BackHeritage » Vietnam » Mang Thít, Vĩnh Long's 'Kingdom of Brick Kilns,' Is on Its Last Legs

Mang Thít, Vĩnh Long's 'Kingdom of Brick Kilns,' Is on Its Last Legs

Along the rivers and canals of Mang Thít, clouds of smoke from the Mekong Delta’s last brick kilns languidly stream into the air.

For the longest time, clay brick-making was very common tradecraft in southwestern provinces. It thrived the most in Đồng Tháp, Vĩnh Long, and An Giang. Rich clay deposits, combined with a dense network of waterways, helped create a robust hub ideal for brick production and distribution.

Through specialized craft villages, these brick kilns offered abundant work and a good way to earn a living for locals. Rivers and canals were filled with vessels transporting these building blocks, and with them, the region’s culture and way of life to locations across the country.

Among these communes was the district of Mang Thít, Vĩnh Long, once heralded as the south’s “Kingdom of Bricks.” In its heyday in the 1990s, the village fired up over 1,500 kilns to create roof tiles which were highly sought-after for their mineral content and baking technique.

But Vietnam’s pottery pinnacle faces obscurity in light of engineering advances and environmental concerns. Some abandoned brickyards are reclaimed by moss, vines and time, crumbling in obsolescence like long-forgotten ruins.

The gift of brick-making was "bestowed" upon the people of Mang Thít by the Mekong River. The nine river distributaries pick up silt from far upstream, course it through basins across the land, and deposit it at its final stop to terraform the Mekong Delta into a massive flatland. And from the river sediments, humans shaped and constructed materials to assemble shelters of their own.

At clay pits, miners dig through meters of soil to reach the dense layer of clay. In the past, a good number of men became người cạp đất (lit: dirt scraper) — meaning to scrape clay and sell it to brickyards. Miners were supervised and clocked in and out by pit owners and received their pay at the end of the day based on the number of barrels they quarried. Once so commonplace it entered the local lexicon, the term has faded into obscurity as fewer and fewer Mang Thít natives are getting into the business of “eating dirt” when excavators can do a more efficient job.

The clay’s transformation begins when it gets mixed with sand using a ratio determined by the brick mason. The mixture is poured into molds to be shaped into bricks, tiles, pots, and other products. The kneading and molding of clay used to be completed manually, but machines have also taken over these processes, minimizing the time and effort needed.

Once the bricks have dried into a russet color, they are placed in a kiln to be tempered. Well-honed craftsmen arrange the slabs in such a way that heat is distributed evenly, giving them a uniform color and texture. Rice husks have traditionally been used to fuel kilns, but some yards are also experimenting with electric furnaces. The mason watches and keeps the chamber ablaze for about a week. On the seventh day, when the temperature reaches 900°C, the fire is put out, and the peephole is sealed shut with clay so that the bricks can cool down until the kiln is reopened. Baked bricks shed their earthy brownish tint and don a new coat the color of sunrise, emboldened by their fervent gestation.

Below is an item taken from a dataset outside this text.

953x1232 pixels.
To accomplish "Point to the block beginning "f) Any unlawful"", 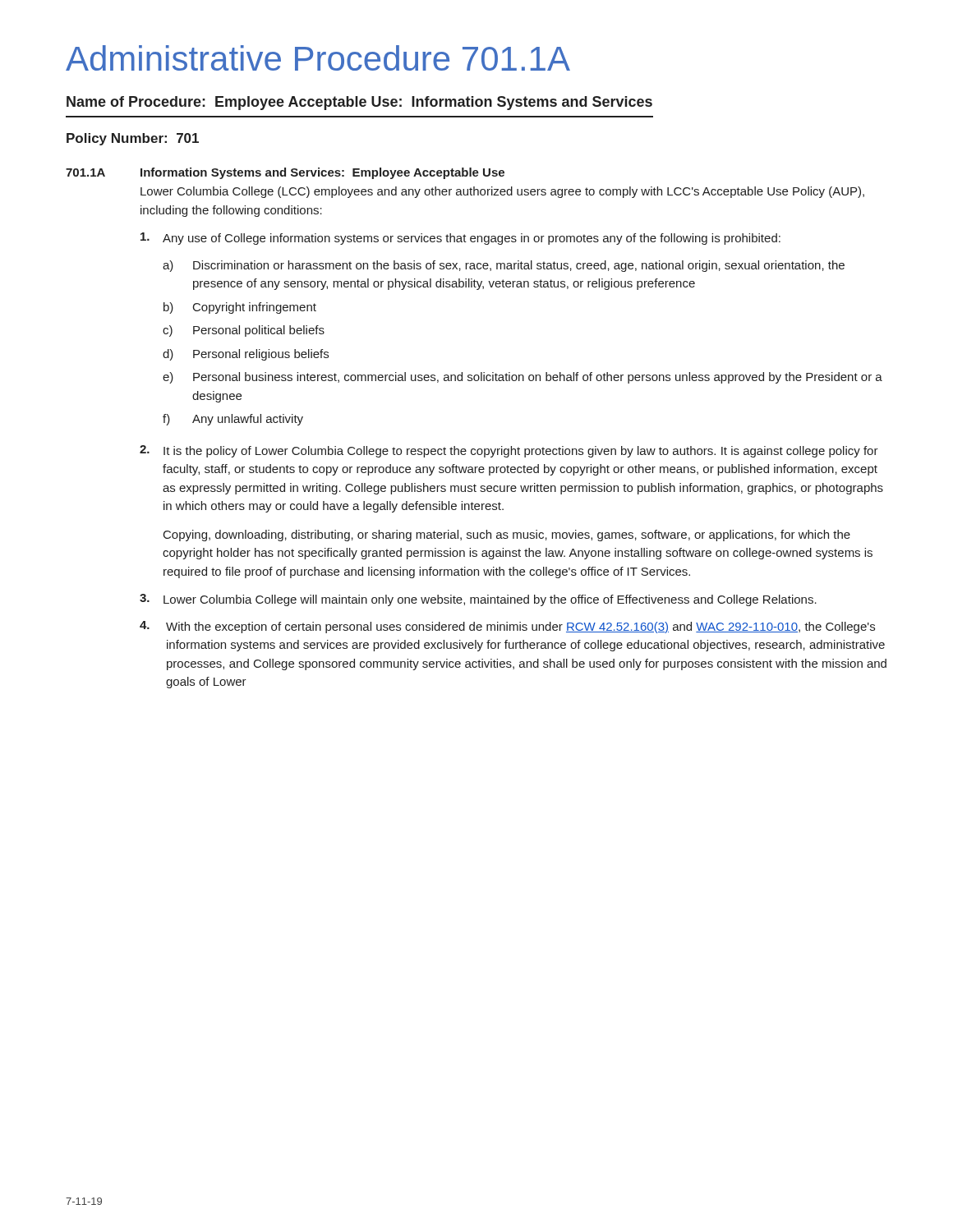I will (x=233, y=420).

In front of each kiln is a small altar, or as explained by the craftsmen, a shrine for the “god of the kiln.” Workers believe that everything is protected by the divine, thus the worship of such divinity can mitigate the turbulence of their profession, and fill the sleepless nights spent next to the burning kiln. The perpetual cycle of opening and closing the kiln mirrors the life of these brick masons. They establish a sacred bond with their kiln and its fiery life stages, trusting that the kiln, a spiritual entity, will protect those who keep its fire burning.

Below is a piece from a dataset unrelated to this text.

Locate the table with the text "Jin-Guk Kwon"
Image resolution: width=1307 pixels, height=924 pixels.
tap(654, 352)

But the flame that keeps these brickyards going is slowly being extinguished. Craft villages such as Mang Thít are under immense pressure to adapt as better alternatives begin to compete with traditional bricks, while criticism regarding the environmental impact of emissions from masonry activities is also curbing ongoing production. At the crossroads of a society in transition, what remains of a prosperous kingdom is the debris of its former glory, and soon to be the remnants of a distant past.

But not all hope is lost. Around the world, decommissioned industrial structures are sometimes preserved and rehabilitated to serve new functions, gaining new lives as galleries, cultural attractions, and art studios. The architectural treasure of Mang Thít, too, awaits its chance at a metamorphosis into a recognized modern architectural heritage.

Until official acknowledgment comes, the village remains faithful to what it has been doing for the past decades: baking bricks to build the country while serving as a witness to how the people of Vĩnh Long innovate, live, and love through the eras.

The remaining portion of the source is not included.